The foregoing presentation of the described configurations is provided to enable any person skilled in the art to make or use the methods and other structures disclosed herein. The flowcharts and other structures shown and described herein are examples only, and other variants of these structures are also within the scope of the disclosure. Various modifications to these configurations are possible, and the generic principles presented herein may be applied to other configurations as well.

The configurations described herein may be implemented in part or in whole as a hard-wired circuit, as a circuit configuration fabricated into an application-specific integrated circuit, or as a firmware program loaded into non-volatile storage or a software program loaded from or into a data storage medium as machine-readable code, such code being instructions executable by an array of logic elements such as a microprocessor or other digital signal processing unit. The data storage medium may be an array of storage elements such as semiconductor memory (which may include without limitation dynamic or static RAM (random-access memory), ROM (read-only memory), and/or flash RAM), or ferroelectric, magnetoresistive, ovonic, polymeric, or phase-change memory; or a disk medium such as a magnetic or optical disk. The term “software” should be understood to include source code, assembly language code, machine code, binary code, firmware, macrocode, microcode, any one or more sets or sequences of instructions executable by an array of logic elements, and any combination of such examples.

The methods disclosed herein may also be tangibly embodied (for example, in one or more data storage media as listed above) as one or more sets of instructions readable and/or executable by a machine including an array of logic elements (e.g., a processor, microprocessor, microcontroller, or other finite state machine). Thus, the present disclosure is not intended to be limited to the configurations shown above but rather is to be accorded the widest scope consistent with the principles and novel features disclosed in any fashion herein, including in the attached claims as filed, which form a part of the original disclosure.

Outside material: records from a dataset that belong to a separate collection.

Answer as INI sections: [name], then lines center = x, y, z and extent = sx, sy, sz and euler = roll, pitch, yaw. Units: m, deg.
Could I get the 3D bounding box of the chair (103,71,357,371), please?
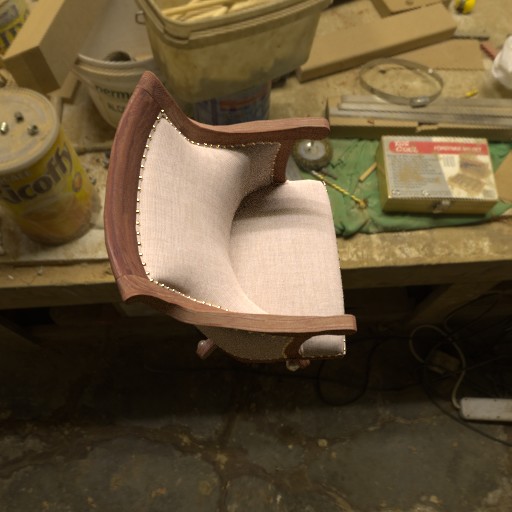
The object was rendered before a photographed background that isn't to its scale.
[chair]
center = 0.000, 0.000, 1.425
extent = 0.689, 0.965, 0.656
euler = -2, 65, -1
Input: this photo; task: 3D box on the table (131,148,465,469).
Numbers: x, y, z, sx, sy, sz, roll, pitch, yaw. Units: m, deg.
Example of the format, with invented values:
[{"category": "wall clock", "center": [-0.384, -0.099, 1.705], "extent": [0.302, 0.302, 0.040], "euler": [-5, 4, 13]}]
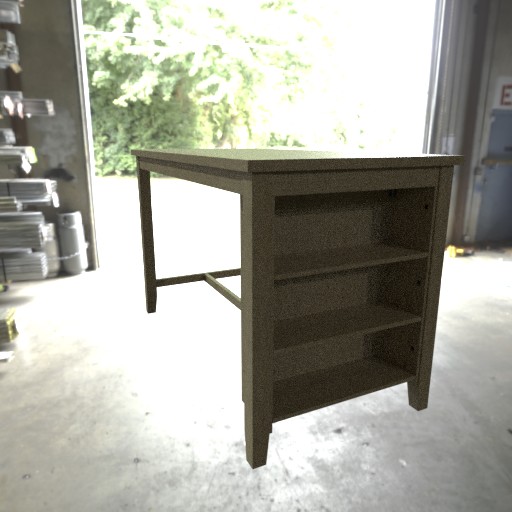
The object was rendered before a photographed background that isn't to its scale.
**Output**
[{"category": "table", "center": [0.000, 0.000, 1.906], "extent": [0.729, 0.874, 1.397], "euler": [-7, 16, -25]}]
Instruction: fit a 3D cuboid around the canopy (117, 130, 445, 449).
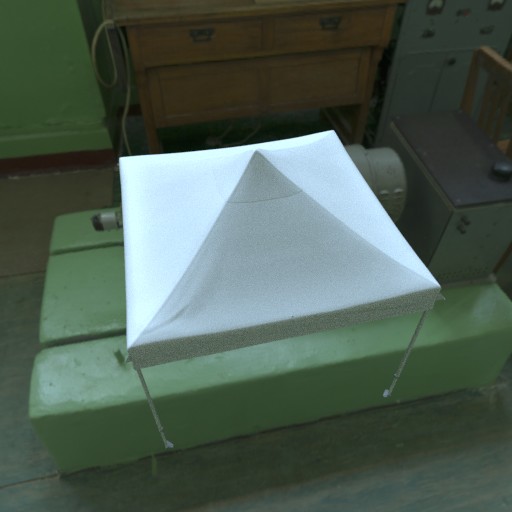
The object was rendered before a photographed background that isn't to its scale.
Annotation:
[{"bbox_3d":[0.000,0.000,5.386,2.994,2.998,2.996,-10,47,-9],"label":"canopy"}]
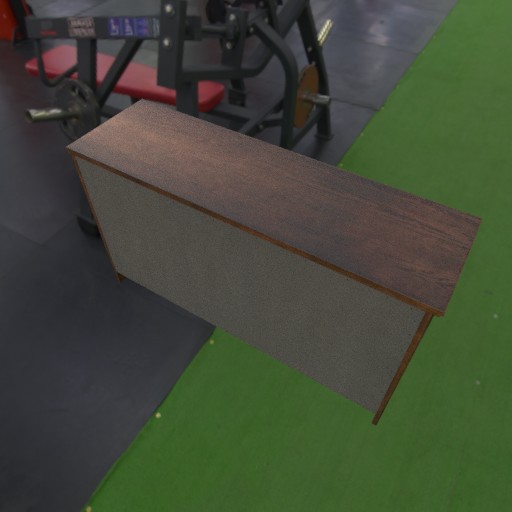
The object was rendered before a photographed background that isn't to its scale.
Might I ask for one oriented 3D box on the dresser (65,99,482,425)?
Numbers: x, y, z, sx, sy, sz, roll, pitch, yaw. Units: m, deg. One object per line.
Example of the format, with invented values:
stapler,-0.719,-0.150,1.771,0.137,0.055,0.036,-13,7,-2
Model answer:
dresser,0.000,0.000,1.979,1.551,0.856,0.463,25,52,21
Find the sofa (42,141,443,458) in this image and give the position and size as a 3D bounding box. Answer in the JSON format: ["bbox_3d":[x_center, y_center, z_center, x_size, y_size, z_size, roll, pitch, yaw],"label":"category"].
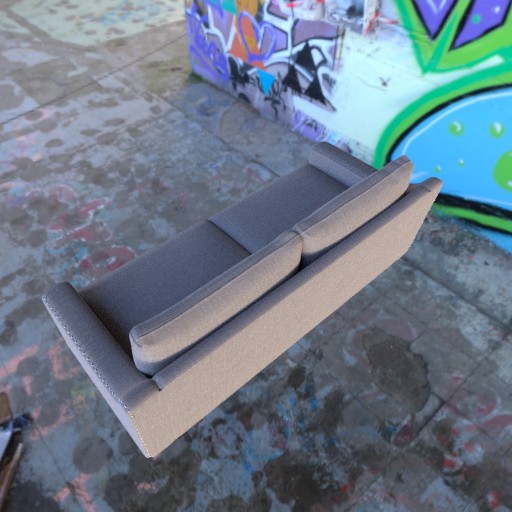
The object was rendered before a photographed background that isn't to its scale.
[{"bbox_3d":[0.000,0.000,2.661,2.208,0.857,1.000,-33,55,-27],"label":"sofa"}]
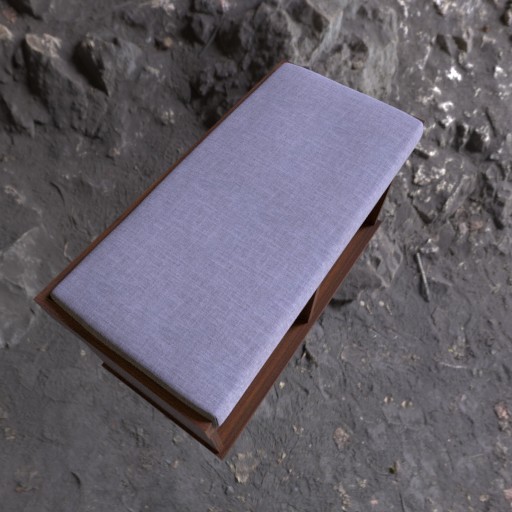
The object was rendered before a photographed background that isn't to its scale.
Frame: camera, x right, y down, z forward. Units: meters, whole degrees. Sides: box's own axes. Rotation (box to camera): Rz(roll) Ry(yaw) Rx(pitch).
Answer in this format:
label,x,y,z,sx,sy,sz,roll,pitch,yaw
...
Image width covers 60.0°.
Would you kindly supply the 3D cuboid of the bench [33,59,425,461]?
label,x,y,z,sx,sy,sz,roll,pitch,yaw
bench,0.000,0.000,0.984,0.362,0.461,0.734,31,64,17
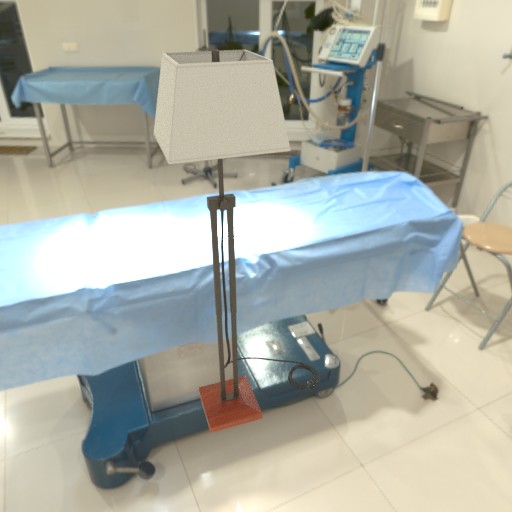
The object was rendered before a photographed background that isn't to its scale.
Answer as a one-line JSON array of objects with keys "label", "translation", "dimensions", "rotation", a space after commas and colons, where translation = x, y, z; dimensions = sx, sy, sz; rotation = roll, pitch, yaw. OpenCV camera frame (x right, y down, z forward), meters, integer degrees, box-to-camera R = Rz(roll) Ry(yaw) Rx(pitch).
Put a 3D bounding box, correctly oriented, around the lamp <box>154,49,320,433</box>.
[{"label": "lamp", "translation": [0.000, 0.000, 1.986], "dimensions": [0.745, 1.712, 0.472], "rotation": [-10, 33, -16]}]
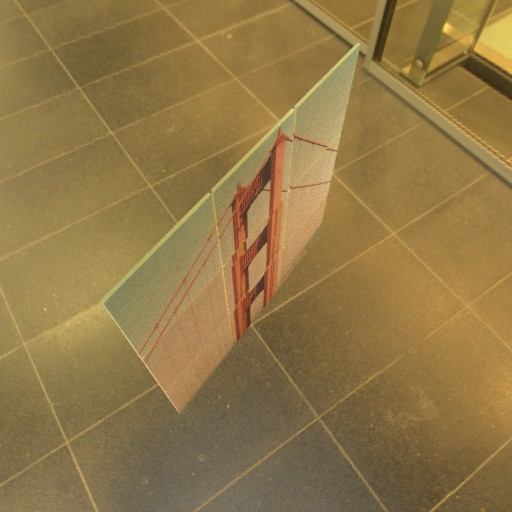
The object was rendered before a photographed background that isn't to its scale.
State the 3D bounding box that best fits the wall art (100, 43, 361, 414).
[{"bbox_3d":[0.000,0.000,1.800,0.013,1.219,1.214,32,64,18],"label":"wall art"}]
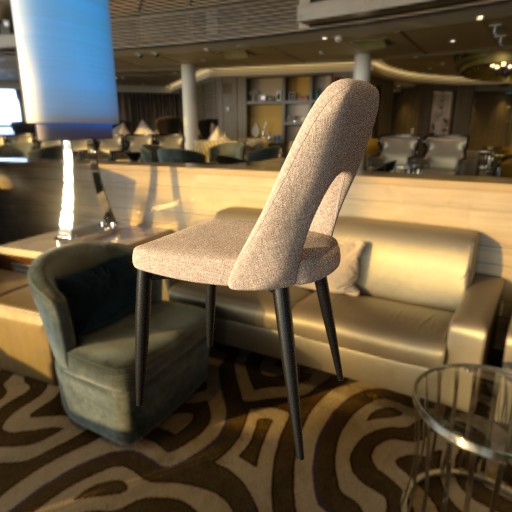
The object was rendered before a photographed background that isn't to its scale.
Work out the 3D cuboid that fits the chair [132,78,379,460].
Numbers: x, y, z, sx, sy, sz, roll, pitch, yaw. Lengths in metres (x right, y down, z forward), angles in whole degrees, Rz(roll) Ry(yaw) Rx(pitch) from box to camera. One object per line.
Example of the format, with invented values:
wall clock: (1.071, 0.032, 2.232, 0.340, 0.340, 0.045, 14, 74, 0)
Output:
chair: (0.000, 0.000, 1.291, 0.612, 0.931, 0.470, 8, 18, 24)
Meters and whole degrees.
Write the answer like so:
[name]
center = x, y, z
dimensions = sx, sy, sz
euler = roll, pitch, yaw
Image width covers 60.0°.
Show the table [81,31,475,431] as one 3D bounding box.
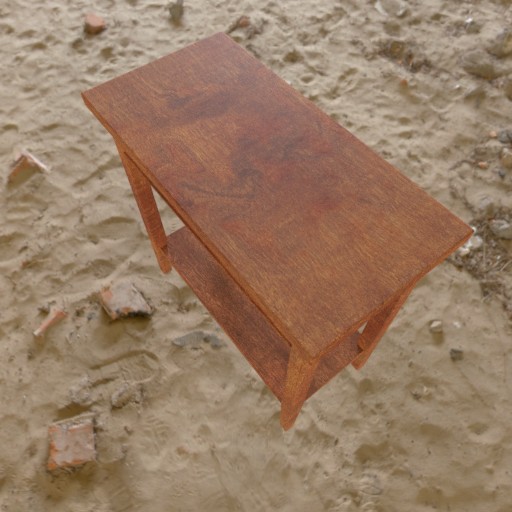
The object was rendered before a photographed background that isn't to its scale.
[table]
center = 0.000, 0.000, 0.956
dimensions = 0.305, 0.610, 0.610
euler = -34, 64, -19
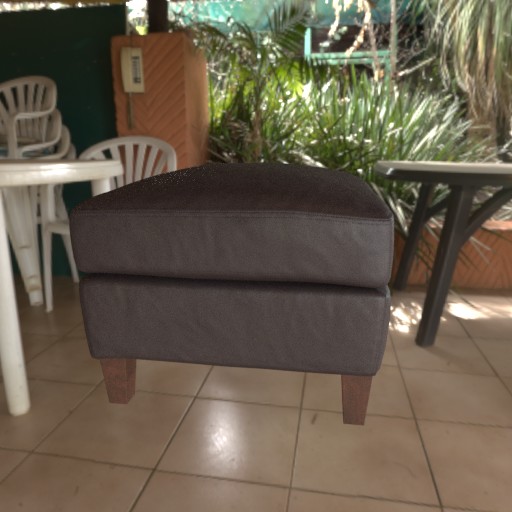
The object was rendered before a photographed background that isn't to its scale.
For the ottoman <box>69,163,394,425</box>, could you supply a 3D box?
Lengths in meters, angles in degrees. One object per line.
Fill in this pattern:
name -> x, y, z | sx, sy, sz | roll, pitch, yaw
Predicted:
ottoman -> 0.000, 0.000, 1.277 | 0.659, 0.529, 0.887 | 2, 14, 8
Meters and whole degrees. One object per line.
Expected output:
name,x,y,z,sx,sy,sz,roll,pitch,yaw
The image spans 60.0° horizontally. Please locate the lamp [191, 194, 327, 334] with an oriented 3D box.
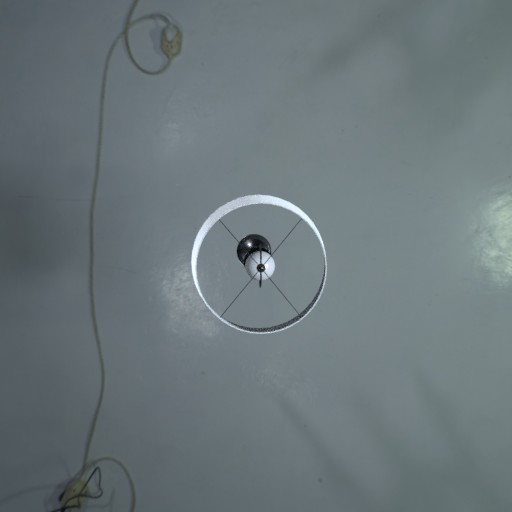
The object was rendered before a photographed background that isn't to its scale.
lamp,0.000,0.000,1.785,0.379,1.623,0.379,0,92,-1
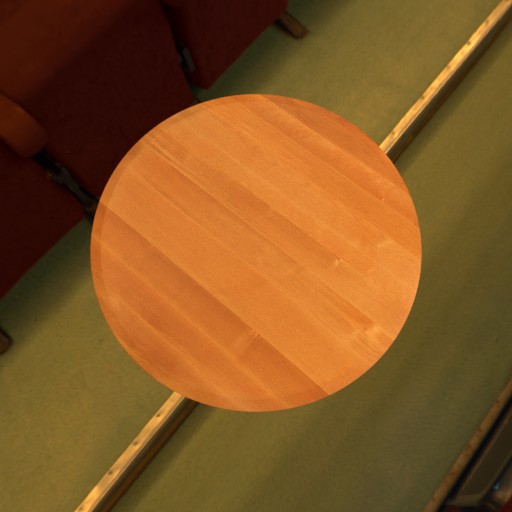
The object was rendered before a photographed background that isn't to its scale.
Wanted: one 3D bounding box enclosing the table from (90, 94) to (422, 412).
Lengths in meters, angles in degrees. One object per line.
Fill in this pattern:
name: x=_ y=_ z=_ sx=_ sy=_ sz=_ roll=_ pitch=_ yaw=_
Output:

Those of skill would further appreciate that the various illustrative logical blocks, modules, circuits, and operations described in connection with the configurations disclosed herein may be implemented as electronic hardware, computer software, or combinations of both. Such logical blocks, modules, circuits, and operations may be implemented or performed with a general purpose processor, a digital signal processor (DSP), an ASIC, an FPGA or other programmable logic device, discrete gate or transistor logic, discrete hardware components, or any combination thereof designed to perform the functions described herein. A general purpose processor may be a microprocessor, but in the alternative, the processor may be any conventional processor, controller, microcontroller, or state machine. A processor may also be implemented as a combination of computing devices, e.g., a combination of a DSP and a microprocessor, a plurality of microprocessors, one or more microprocessors in conjunction with a DSP core, or any other such configuration.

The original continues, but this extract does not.